━━━━━ Available data
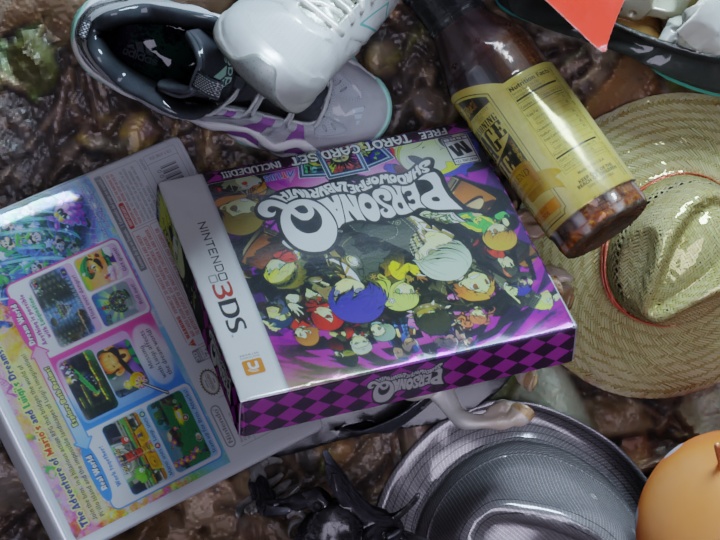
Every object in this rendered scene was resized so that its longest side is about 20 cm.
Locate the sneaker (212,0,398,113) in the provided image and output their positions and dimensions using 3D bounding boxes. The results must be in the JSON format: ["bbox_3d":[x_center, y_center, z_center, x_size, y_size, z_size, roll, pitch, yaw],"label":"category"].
[{"bbox_3d":[-0.023,-0.151,1.296,0.070,0.200,0.080,44,117,-4],"label":"sneaker"}]

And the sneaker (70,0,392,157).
[{"bbox_3d":[-0.073,-0.108,1.330,0.200,0.140,0.078,13,96,-7],"label":"sneaker"}]

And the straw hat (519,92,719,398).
[{"bbox_3d":[0.195,-0.012,1.401,0.201,0.085,0.202,-1,98,-7],"label":"straw hat"}]

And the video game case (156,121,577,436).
[{"bbox_3d":[0.000,0.000,1.319,0.200,0.181,0.036,-11,138,-14],"label":"video game case"}]

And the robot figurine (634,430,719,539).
[{"bbox_3d":[0.242,0.161,1.386,0.144,0.200,0.117,-25,59,27],"label":"robot figurine"}]

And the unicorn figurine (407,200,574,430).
[{"bbox_3d":[0.045,0.037,1.362,0.137,0.200,0.074,15,136,13],"label":"unicorn figurine"}]

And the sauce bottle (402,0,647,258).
[{"bbox_3d":[0.091,-0.102,1.367,0.066,0.066,0.200,-35,77,-1],"label":"sauce bottle"}]

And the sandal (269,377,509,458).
[{"bbox_3d":[0.012,0.071,1.413,0.200,0.043,0.076,-22,100,-3],"label":"sandal"}]

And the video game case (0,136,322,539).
[{"bbox_3d":[-0.141,0.042,1.347,0.182,0.024,0.200,-25,88,-28],"label":"video game case"}]

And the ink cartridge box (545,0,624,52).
[{"bbox_3d":[0.130,-0.251,1.315,0.162,0.050,0.200,40,53,-21],"label":"ink cartridge box"}]

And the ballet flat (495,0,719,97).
[{"bbox_3d":[0.177,-0.157,1.380,0.200,0.068,0.068,16,57,-9],"label":"ballet flat"}]

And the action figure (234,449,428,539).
[{"bbox_3d":[-0.044,0.173,1.393,0.200,0.102,0.119,-20,100,13],"label":"action figure"}]

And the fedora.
[{"bbox_3d":[0.109,0.183,1.415,0.177,0.090,0.200,-43,100,0],"label":"fedora"}]
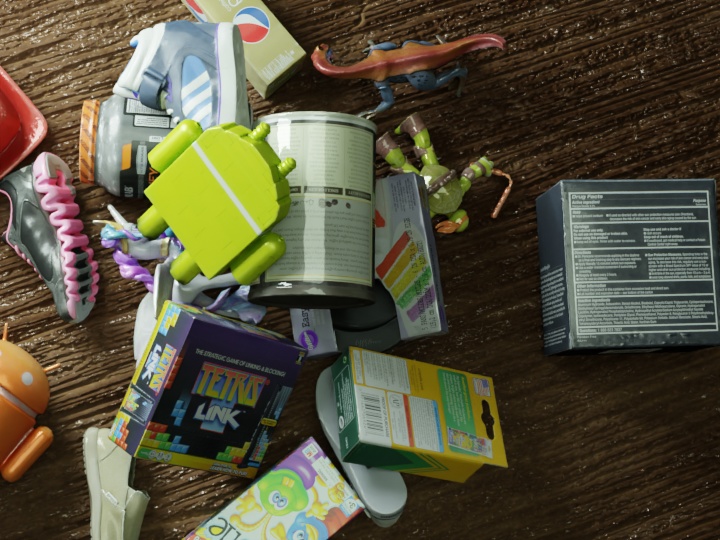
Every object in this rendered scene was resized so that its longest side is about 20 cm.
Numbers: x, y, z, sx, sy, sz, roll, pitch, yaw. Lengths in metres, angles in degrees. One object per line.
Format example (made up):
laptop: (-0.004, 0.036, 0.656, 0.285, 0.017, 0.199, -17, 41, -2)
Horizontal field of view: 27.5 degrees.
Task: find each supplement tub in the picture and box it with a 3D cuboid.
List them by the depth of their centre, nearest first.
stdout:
supplement tub: (-0.226, -0.144, 1.723, 0.197, 0.123, 0.124, 3, 81, -6)

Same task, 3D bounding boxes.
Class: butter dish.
butter dish: (-0.492, -0.181, 1.682, 0.200, 0.148, 0.200, -43, 88, -10)

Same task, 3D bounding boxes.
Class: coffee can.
coffee can: (-0.053, -0.064, 1.657, 0.144, 0.146, 0.203, 2, 83, -7)

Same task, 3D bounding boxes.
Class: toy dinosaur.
toy dinosaur: (0.039, -0.260, 1.766, 0.180, 0.200, 0.106, -1, 63, -38)

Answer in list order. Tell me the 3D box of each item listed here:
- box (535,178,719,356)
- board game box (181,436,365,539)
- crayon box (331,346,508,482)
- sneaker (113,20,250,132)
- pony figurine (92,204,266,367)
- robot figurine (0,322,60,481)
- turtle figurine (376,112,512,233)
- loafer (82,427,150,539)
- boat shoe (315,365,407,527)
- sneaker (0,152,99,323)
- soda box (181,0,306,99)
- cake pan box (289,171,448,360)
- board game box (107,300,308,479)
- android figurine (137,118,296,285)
box: (0.324, -0.002, 1.772, 0.197, 0.123, 0.201, -1, 83, -9)
board game box: (-0.106, 0.295, 1.685, 0.199, 0.103, 0.105, -39, 88, -11)
crayon box: (0.067, 0.171, 1.705, 0.198, 0.052, 0.127, 13, 49, -26)
sneaker: (-0.202, -0.178, 1.642, 0.144, 0.081, 0.203, -3, 86, 9)
pony figurine: (-0.207, 0.015, 1.702, 0.197, 0.167, 0.196, 0, 70, -19)
robot figurine: (-0.431, 0.161, 1.656, 0.143, 0.117, 0.201, 27, 76, 41)
turtle figurine: (0.079, -0.100, 1.785, 0.199, 0.064, 0.162, -37, 88, -11)
loafer: (-0.273, 0.276, 1.681, 0.067, 0.076, 0.203, -10, 83, -3)
boat shoe: (-0.001, 0.208, 1.727, 0.070, 0.070, 0.201, -20, 63, -15)
sneaker: (-0.371, -0.031, 1.724, 0.094, 0.079, 0.203, -16, 83, 13)
soda box: (-0.154, -0.309, 1.783, 0.064, 0.068, 0.201, -39, 88, -11)
cake pan box: (0.000, 0.000, 1.739, 0.182, 0.052, 0.203, -10, 82, 15)
board game box: (-0.166, 0.137, 1.646, 0.056, 0.199, 0.167, 28, 95, 39)
android figurine: (-0.151, -0.077, 1.578, 0.200, 0.041, 0.183, -41, 85, 28)
━━━━━━━━━━
Work item: Above are the records; print exactly the lines from the line with "Task: find each" to the line with "- crayon box (331,346,508,482)", including both, and nothing else.

Worked solution:
Task: find each supplement tub in the picture and box it with a 3D cuboid.
List them by the depth of their centre, nearest first.
stdout:
supplement tub: (-0.226, -0.144, 1.723, 0.197, 0.123, 0.124, 3, 81, -6)

Same task, 3D bounding boxes.
Class: butter dish.
butter dish: (-0.492, -0.181, 1.682, 0.200, 0.148, 0.200, -43, 88, -10)

Same task, 3D bounding boxes.
Class: coffee can.
coffee can: (-0.053, -0.064, 1.657, 0.144, 0.146, 0.203, 2, 83, -7)

Same task, 3D bounding boxes.
Class: toy dinosaur.
toy dinosaur: (0.039, -0.260, 1.766, 0.180, 0.200, 0.106, -1, 63, -38)

Answer in list order. Tell me the 3D box of each item listed here:
- box (535,178,719,356)
- board game box (181,436,365,539)
- crayon box (331,346,508,482)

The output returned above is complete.